Omega-3 Yağ Asitleri
Omega 3 vücutta üretilemeyen ve mutlaka dışarıdan alınması gereken bir besin maddesidir. Omega-3, gebelik öncesi kullanıldığında anne ve bebeğin bağışıklığını kuvvetlendirmeye yardımcı olur, bebeğin organlarının oluşumunu ve gelişimini destekler. Omega-3 açısından zengin besinlerin tüketimi ya da takviye alarak bu dönemde vücudun ihtiyacı karşılanmalıdır. Somon, uskumru, sardalya gibi yağlı soğuk su balıkları, keten tohumu, chia tohumu, ceviz, semizotu, soya fasulyesi ve avokadoda bulunur.
E vitamini
Bu vitamin gelişmekte olan yumurta hücresinin etrafındaki sivida bolca bulunduğundan vücuttaki eksikliği üreme potansiyeli üzerinde olumsuz etkiye sahiptir. Benzer şekilde eksikliğinin farelerde fertiliteyi olumsuz etkilediği labovatuar deneylerinde gösterilmiştir.

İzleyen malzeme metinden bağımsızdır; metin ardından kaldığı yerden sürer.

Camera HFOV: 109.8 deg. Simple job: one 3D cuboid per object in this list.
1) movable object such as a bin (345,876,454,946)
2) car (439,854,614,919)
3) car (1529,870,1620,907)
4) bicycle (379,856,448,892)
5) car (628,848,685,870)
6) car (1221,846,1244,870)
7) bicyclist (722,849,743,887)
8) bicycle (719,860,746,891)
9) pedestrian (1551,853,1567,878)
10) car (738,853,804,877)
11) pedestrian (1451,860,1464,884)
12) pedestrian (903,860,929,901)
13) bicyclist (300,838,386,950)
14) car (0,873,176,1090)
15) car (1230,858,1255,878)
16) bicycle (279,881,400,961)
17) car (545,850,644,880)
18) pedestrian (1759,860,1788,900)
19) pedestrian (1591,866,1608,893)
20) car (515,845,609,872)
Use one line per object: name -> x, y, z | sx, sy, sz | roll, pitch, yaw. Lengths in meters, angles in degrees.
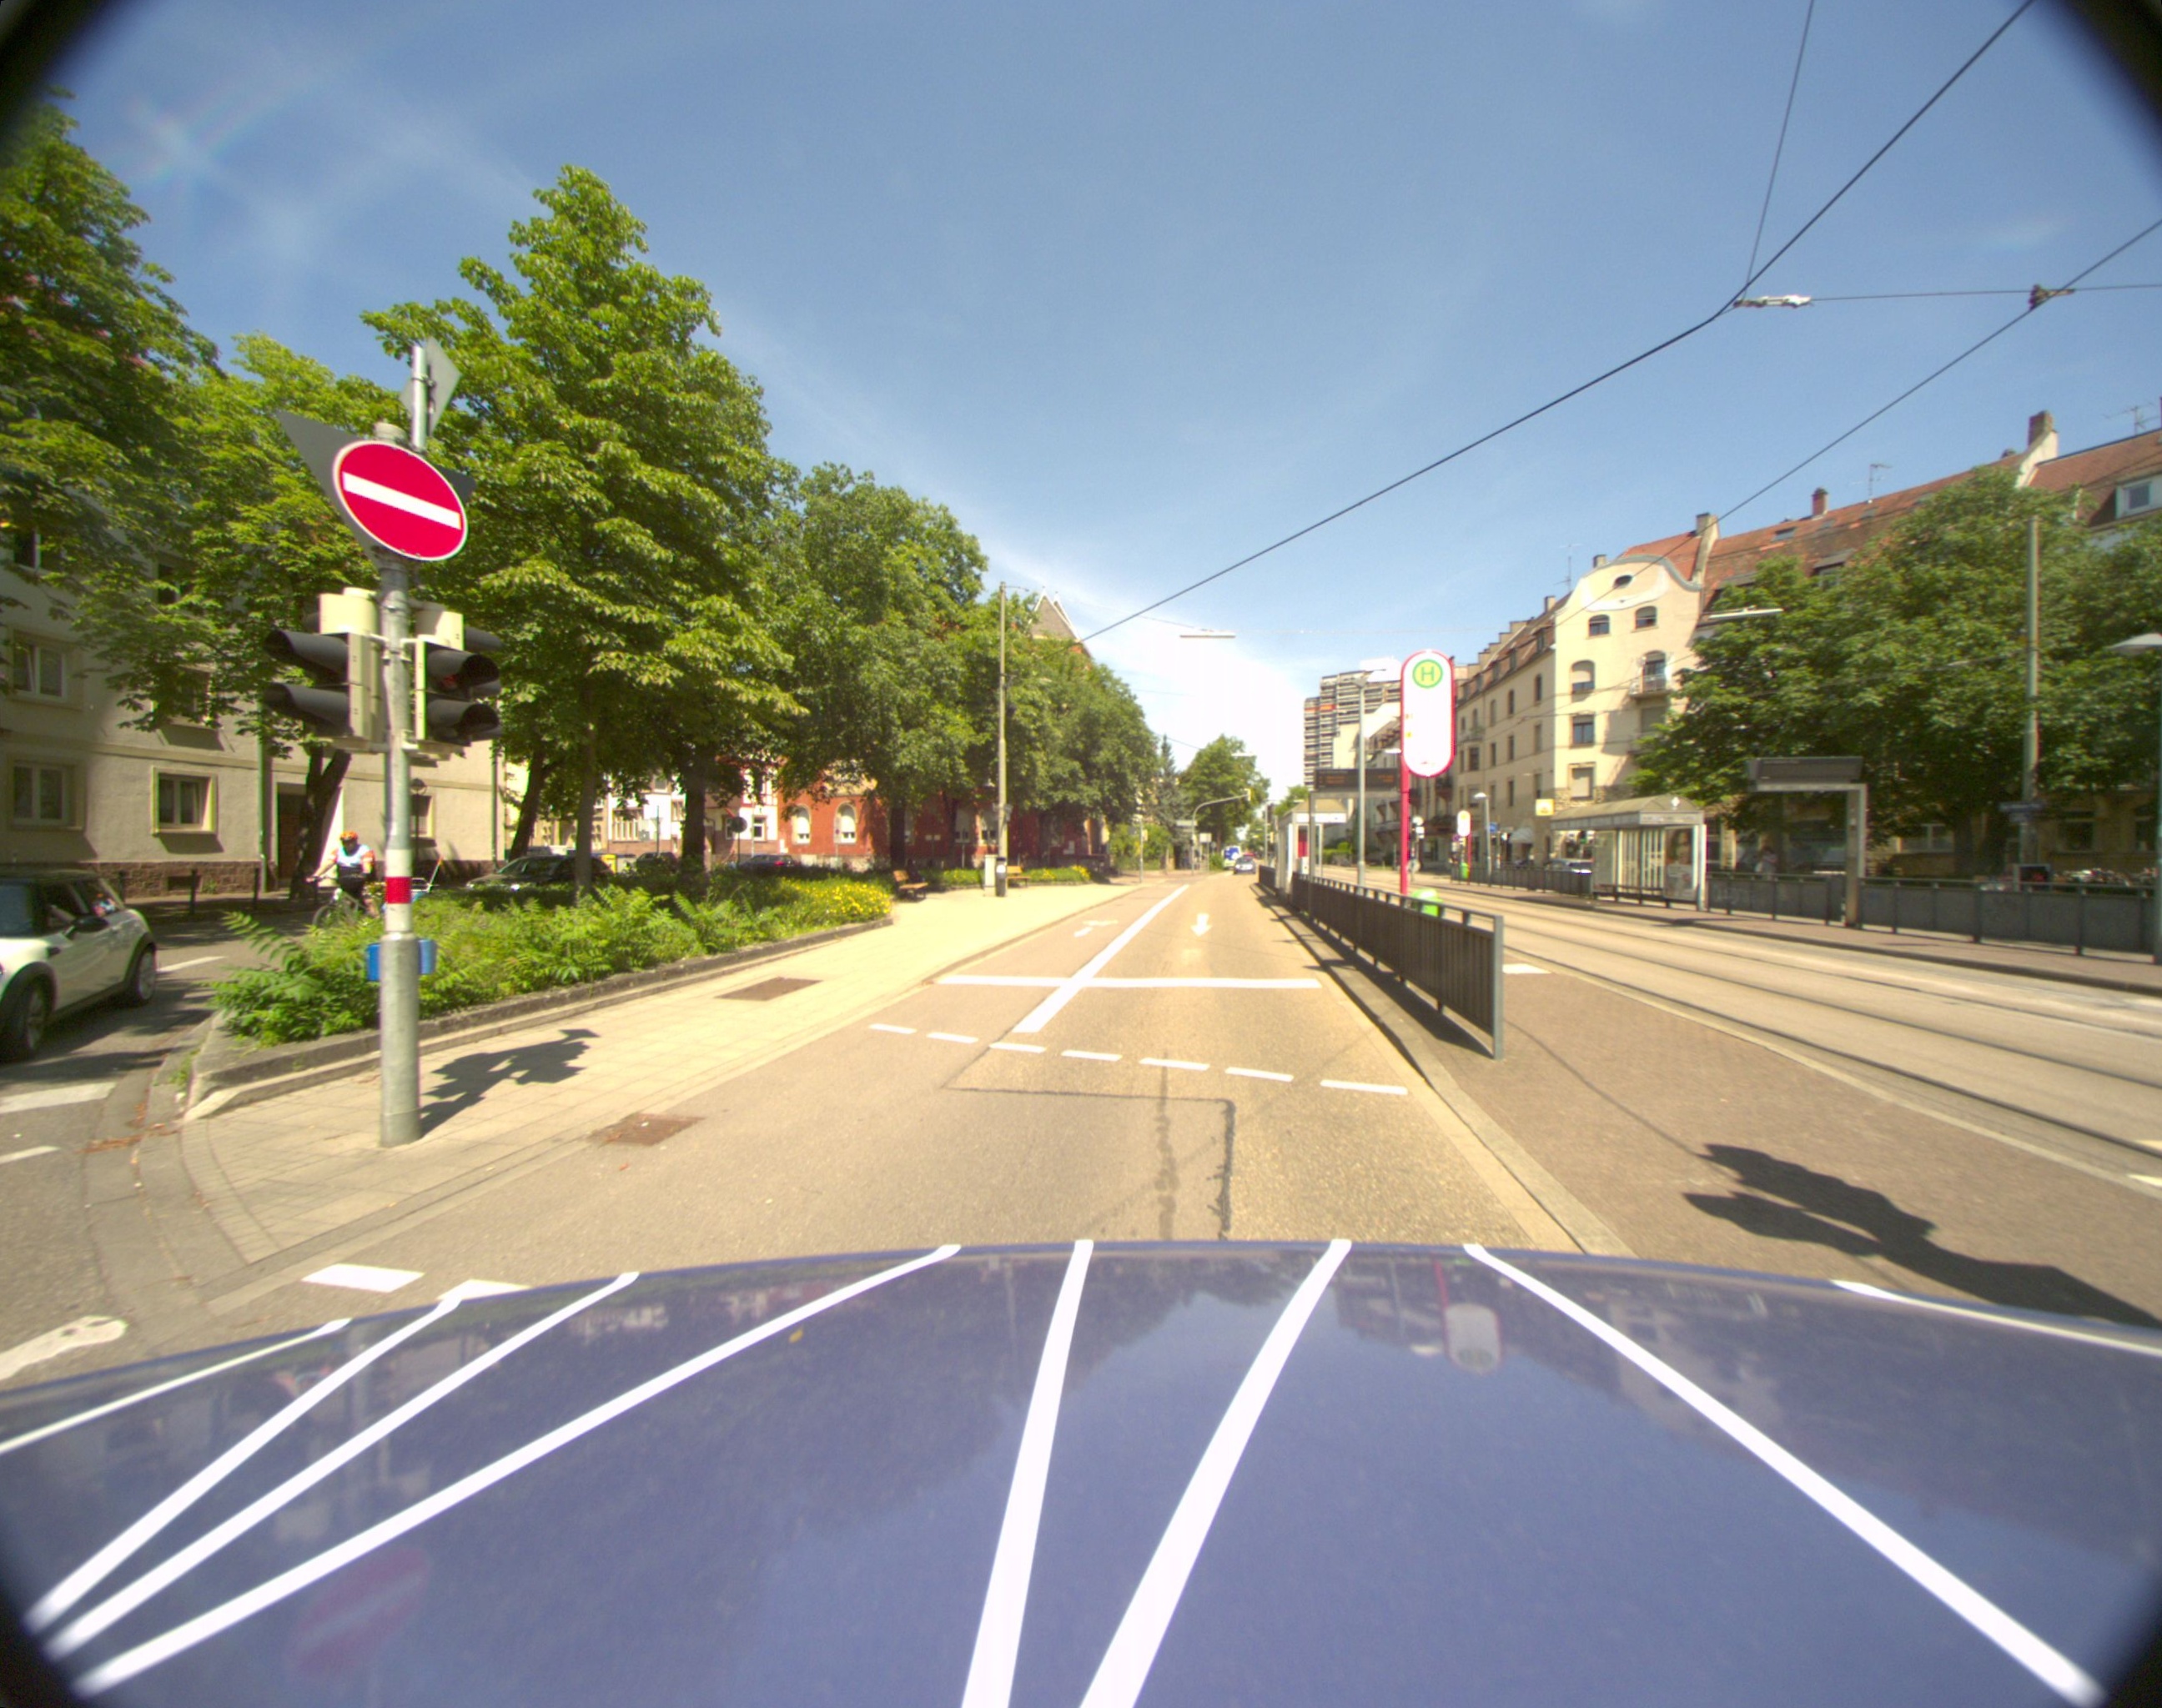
movable object such as a bin -> -12.590, 1.015, 14.115 | 0.869, 1.148, 1.761 | 0, 0, -18
car -> -14.747, 0.798, 20.517 | 1.612, 1.554, 4.067 | 1, 0, 3
car -> 19.621, 1.327, 30.394 | 1.695, 1.302, 3.851 | 1, 0, 10
bicycle -> -22.171, 0.651, 25.290 | 0.515, 1.148, 1.934 | 1, 0, 2
car -> -31.418, 0.331, 56.197 | 4.233, 1.554, 1.707 | 1, 0, 29
car -> 16.369, 0.396, 82.295 | 2.235, 2.478, 5.270 | 1, 1, 9
bicyclist -> -15.321, 0.605, 33.375 | 0.640, 1.614, 0.862 | 0, 1, -11
bicycle -> -15.315, 0.940, 33.396 | 0.640, 1.285, 1.929 | 0, 0, -11
pedestrian -> 27.586, 0.660, 43.857 | 0.536, 1.433, 0.521 | 1, 1, 2
car -> -20.035, 0.699, 49.070 | 4.307, 1.443, 1.648 | 1, 0, 29
pedestrian -> 26.969, 1.278, 54.453 | 0.807, 1.710, 0.764 | 1, 1, 26
pedestrian -> -4.669, 0.748, 21.561 | 0.652, 1.143, 0.643 | 0, 1, -5
bicyclist -> -12.064, 0.635, 12.448 | 0.699, 1.756, 0.863 | 0, 1, -18
car -> -9.326, 0.936, 6.203 | 1.699, 1.437, 3.616 | 0, 0, -37
car -> 13.218, 1.151, 62.231 | 1.736, 1.543, 4.427 | 1, 0, 9
bicycle -> -12.041, 1.044, 12.420 | 0.682, 1.148, 1.801 | 0, 0, -18
car -> -26.717, 0.561, 41.887 | 1.640, 1.554, 4.328 | 1, 0, 31
pedestrian -> 25.434, 0.945, 27.916 | 0.536, 1.433, 0.521 | 1, 1, 1
pedestrian -> 27.829, 1.364, 40.785 | 0.536, 1.433, 0.521 | 1, 1, 1
car -> -30.762, 0.258, 45.137 | 1.640, 1.554, 4.328 | 1, 0, 31

Erkeklerde ise E vitamininin sperm kalitesini arttırdığı bilinmektedir.
Güçlü bir anti oksidan olan E vitamini hem erkekler hem de kadınlar için üremenin yanısıra genel sağlık açısından da son derece önemlidir.
B vitaminleri
Tüm B grubu vitaminler yumurtlama işlemini kolaylaştıran maddelerdir. Özellikle B6 vitamini gebeliği yerinde tutan ana madde olan ve düşüklerin ve erken doğumların engellenmesi amacıyla sıklıkla reçete edilen progesteron hormonunun kandaki doğal düzeyinin artmasına yardım eder. Muz, fıstık, ay çekirdeği, yeşil sebzeler, baklagiller (nohut, mercimek, fasulye), hayvansal gıdalar (et ve et ürünleri, yumurta, peynir, süt, yoğurt), deniz ürünleri (ahtapot, somon, ton balığı) ve kuru yemişlerde bulunur.
Çinko
Bebek sahibi olmak isteyen erkekler için çinko çok önemlidir çünkü hem sperm hareketliliğini hem de sperm kalitesini arttırmada ciddi etkisi vardır. Çinko kadınlar için de önemli bir mineraldir. Hamile kalmak çoğu kadın için çok zor değildir ancak hem ilk defa bebek sahibi olmaya çalışanlarda hem de bunun için bir süredir uğraşan ve tedavi alanlarda beslenme şekli ve önerileri yardımcı olabilir. Kırmızı et, kabak çekirdeği, fındık, fasulye, süt ürünleri, tahıllar, ıstakoz, yengeç ve istiridye çinko bakımından oldukça zengindir. Ancak istiridye gibi deniz ürünleri tüketilecek ise iyi pişirilmesi gerekir.
A Vitamini
A vitamini, yağda eriyen bir vitamin olup, karaciğerde depolanır. Bebeğinizin embriyonik gelişimi, hücre büyümesi, göz, kalp ve kulak gelişimi için önemlidir. Ayrıca sağlıklı bir cilt, iç zarlar, enfeksiyonlara dayanıklılık, kemik gelişimi ve yağ metabolizması için de gereklidir. Bu çok önemli fitobesin hormonların düzenlenmesine yardımcı olur. Havuç, kavun, balkabağı, tatlı patates, ıspanak, brokoli, lahanada bulunur. Yüksek dozlarda almanın zararları akılda mutlaka tutulmalı.